70 millions d'euros pour la relance en Auvergne-Rhône-Alpes
La région compte parallèlement déployer un plan de relance de 70 millions d’euros "visant à préparer l’avenir de nos montagnes" autour de quatre axes : le développement de l’activité hivernale (hébergement, aides aux petites stations, ascenseurs valléens, soutien aux classes de neige…), diversification de l’offre touristique toute l’année ("tourisme 4 saisons"), promotion de la montagne durable (investissements dans la transition écologique des stations), soutien aux acteurs économiques avec un fonds de soutien de 15 millions d’euros. En Auvergne-Rhône-Alpes, le tourisme hivernal en station "représente 120.000 emplois directs et près de 400.000 emplois indirects, pour un chiffre d’affaires avoisinant les 7,5 milliards d’euros". "La décision de ne pas ouvrir les remontées mécaniques en 2021 – intervenant après la fermeture anticipée en mars 2020 – représente un véritable cataclysme économique et social pour la montagne, mais plus globalement pour notre région, voire pour notre pays", s'alarme le conseil régional.
On rappellera que l'Occitanie - autre grande région de montagne - avait lancé fin 2018 un plan d'investissement pour la montagne de 800 millions d'euros à horizon 2025 (voir notre article).
Plan montagne : qu’en disent les maires de stations ?

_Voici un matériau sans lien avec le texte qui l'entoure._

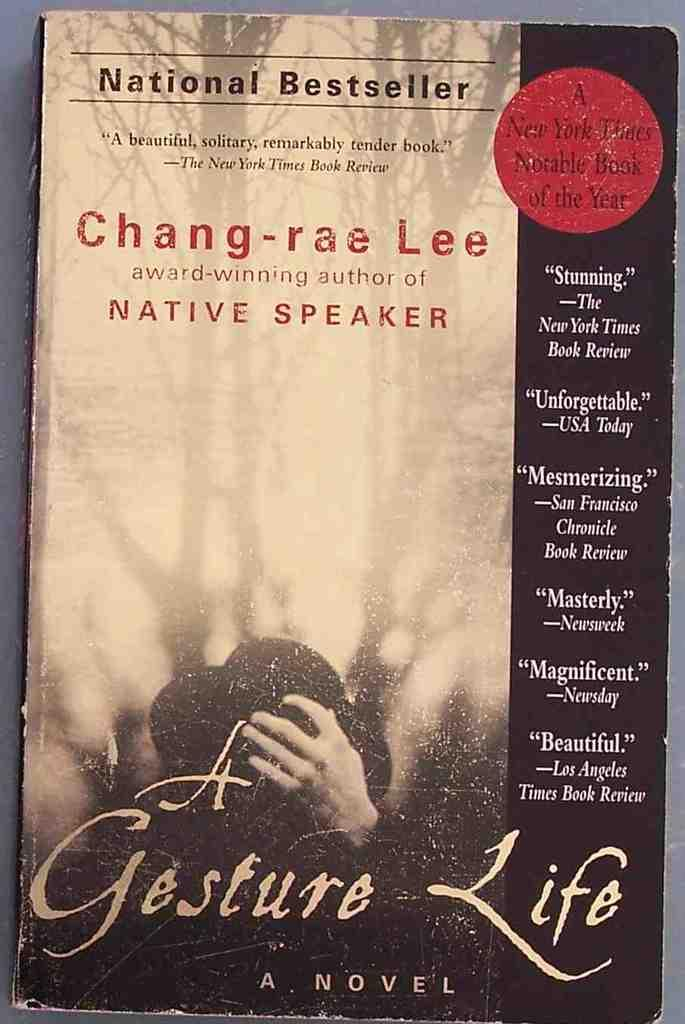<image>
Present a compact description of the photo's key features. The book cover the the National Bestseller "A Gesture Life" by Chang-rae Lee is shown. 
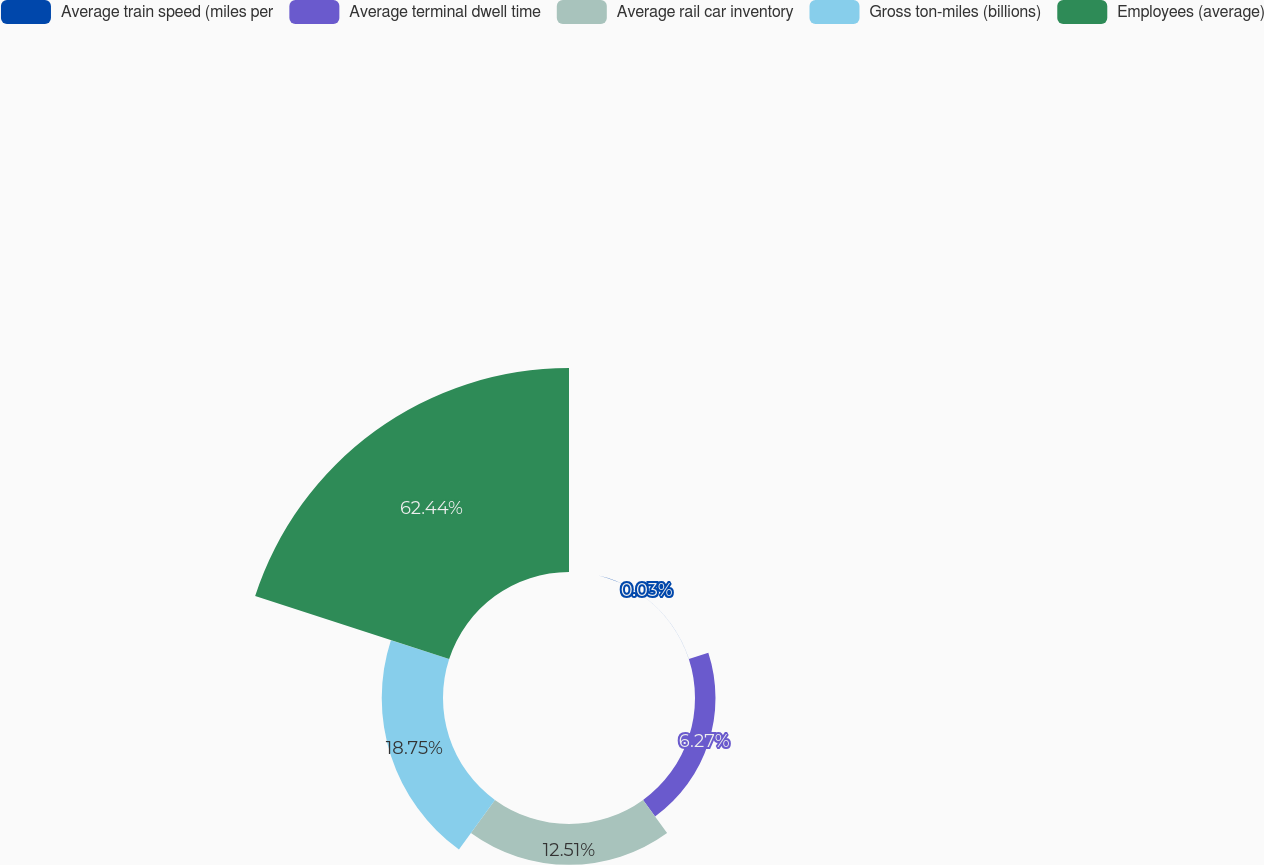<chart> <loc_0><loc_0><loc_500><loc_500><pie_chart><fcel>Average train speed (miles per<fcel>Average terminal dwell time<fcel>Average rail car inventory<fcel>Gross ton-miles (billions)<fcel>Employees (average)<nl><fcel>0.03%<fcel>6.27%<fcel>12.51%<fcel>18.75%<fcel>62.44%<nl></chart>

Avec 120.000 emplois directs et induits, les stations sont des "moteurs essentiels" pour les territoires de montagne mais leurs modèles sont "fragilisés par la conjonction de plusieurs facteurs dont les plus évidents sont les facteurs environnementaux, socio-économiques et de gouvernance territoriale", souligne l’Association nationale des maires de stations de montagne (ANMSM) dans sa contribution au plan montagne préparé par le gouvernement, mise en ligne le 17 février. "Le tout ski est un modèle à revisiter, aussi bien en termes de fréquence que de durée des pratiques", estime-t-elle, constatant "une soif de la découverte du milieu naturel et humain et de l’ensemble des sports pleine nature, dans un milieu qui demeure largement préservé". Il est nécessaire de "favoriser l’accompagnement des stations dans leurs démarches, tant du point de vue du support à l’investissement dans des projets structurants que dans les démarches administratives et l’ingénierie projet".